Il secondo dato che emerge dallo spoglio è che la geografia politica delle amministrazioni i cui consigli sono stati rinnovati è cambiata. Nei 26 Comuni capoluogo, in 15 prevalgono i sindaci di centrosinistra e Idv, il centrodestra ne conquista 6. Cinque anni fa il rapporto di forze era totalmente diverso: allora prevalsero 17 a 9 i rappresentanti del centrodestra. Cambiano di segno politico (dal centrodestra al centrosinistra) i municipi di Alessandria, Asti, Monza, Como, Lucca, Rieti, Isernia, e Brindisi). Restano a sinistra le amministrazioni di Genova, l’Aquila, La Spezia, Carrara, Pistoia, Piacenza e Taranto. Il centrodestra prevale sul centrosinistra a Frosinone e conferma i sindaci di Catanzaro, Gorizia, Lecce, Trani e Trapani. L’Udc conquista Agrigento e strappa Cuneo al centrosinistra. L’Italia dei valori si insedia a Palermo. Lo spoglio conferma le previsioni della vigilia: vince Marco Doria a Genova, Leoluca Orlando Cascio a Palermo e Massimo Cialente a L’Aquila, mentre a sorpresa il grillino Federico Pizzarotti si insedia a Parma. 
Il terzo elemento di riflessione riguarda la Lega Nord. I candidati del Carroccio escono sconfitti in tutti e sette i ballottaggi nei quali hanno partecipato. 

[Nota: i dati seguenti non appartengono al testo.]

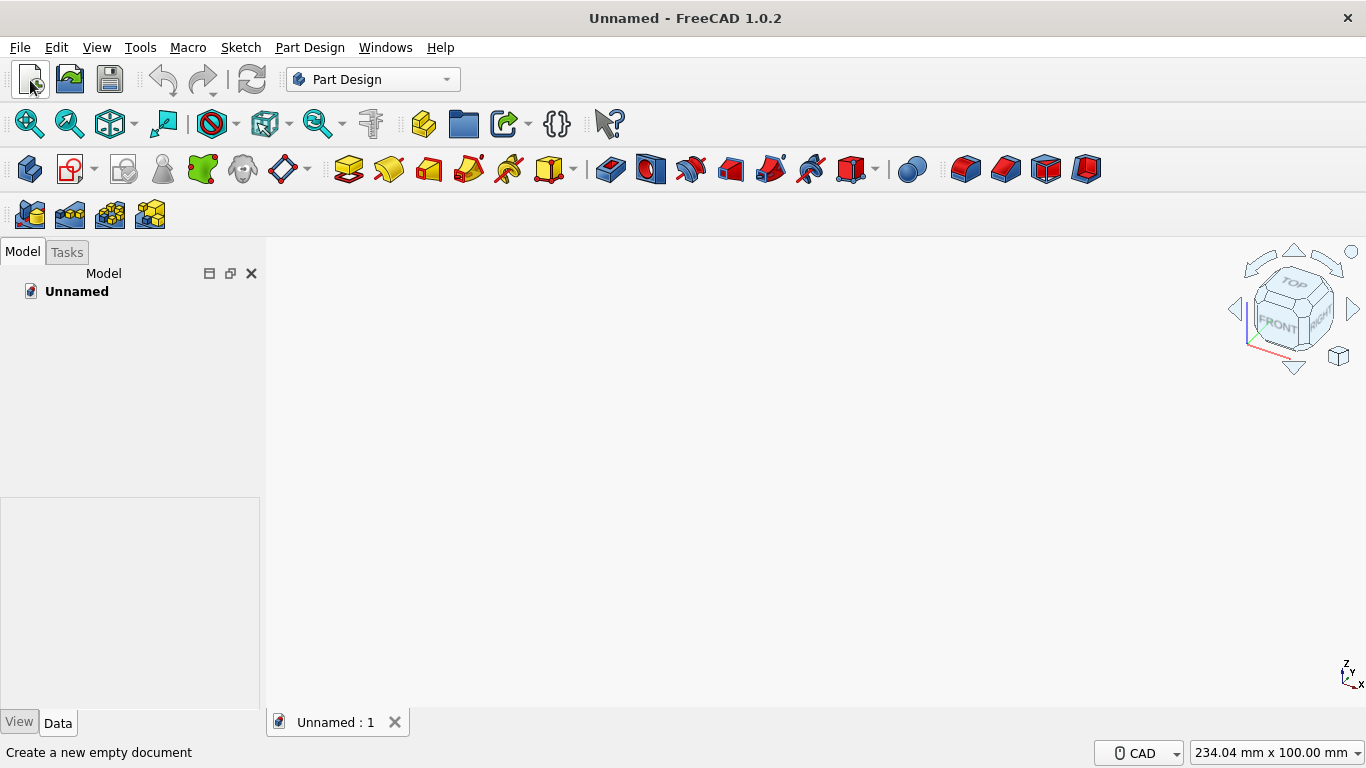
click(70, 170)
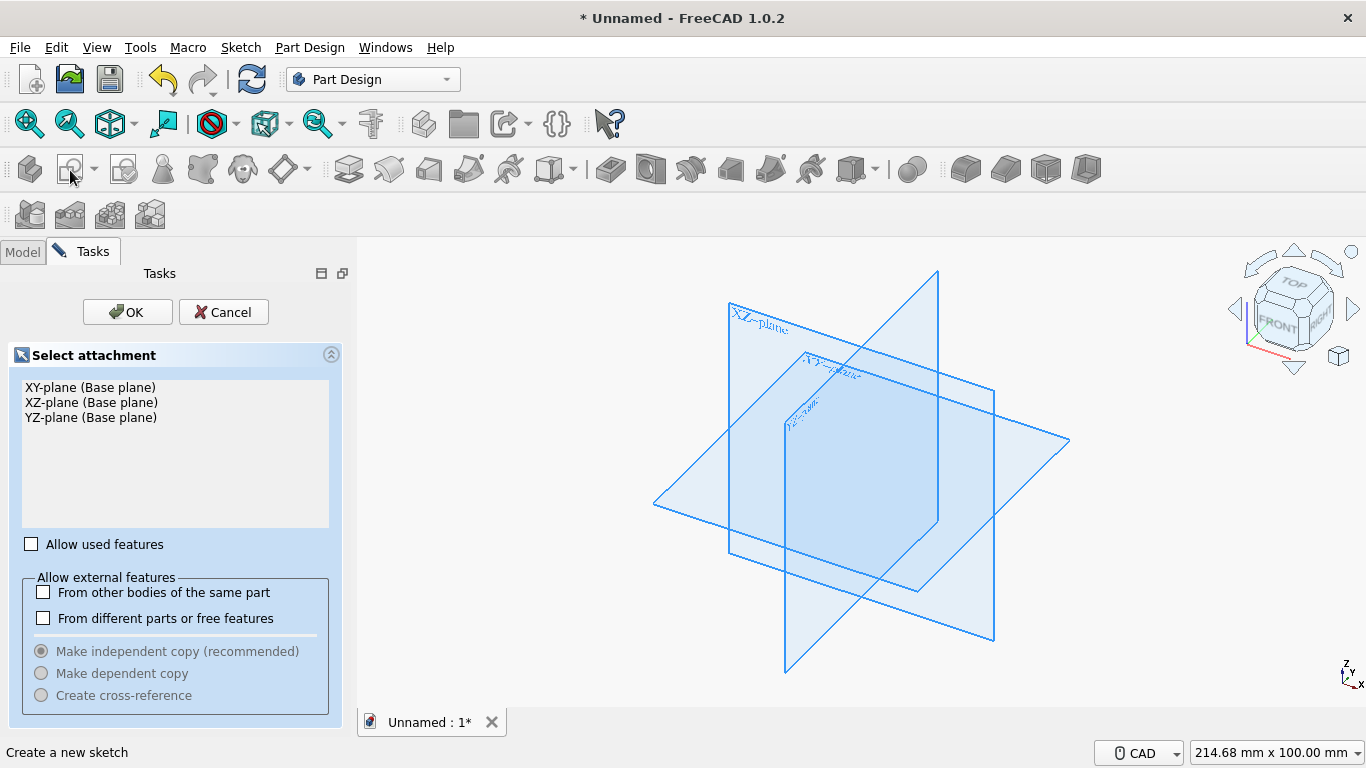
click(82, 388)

La quarta osservazione, sulla quale tutti i partiti già  cominciano a riflettere, si riferisce all’affermazione dei grillini che, dopo avere conquistato al primo turno il Comune di Sarego nel Vicentino, si affermano a Parma (rimontando uno svantaggio di venti punti percentuali), a Mira e a Comacchio. Ed ecco perché Beppe Grillo, rivolgendosi ai suoi, rivendica l’impresa: «Siete stati grandi tutti, abbiamo conquistato Stalingrado, parlo di Parma, e ora siamo sulla strada di Berlino».
C’è, insomma, grande materia di riflessione per le forze politiche. Ma come reagiscono? Pier Luigi Bersani, leader del Pd, gongola. Angelino Alfano, che guida il Pdl, ammette implicitamente la sconfitta e annuncia novità . Lorenzo Cesa (Udc) mette in guardia dal populismo. Roberto Maroni (Lega Nord) prende atto della débacle. Nichi Vendola (Sel) è convinto che inizi il dopo Monti e Antonio Di Pietro (Idv) rilancia la foto di Vasto.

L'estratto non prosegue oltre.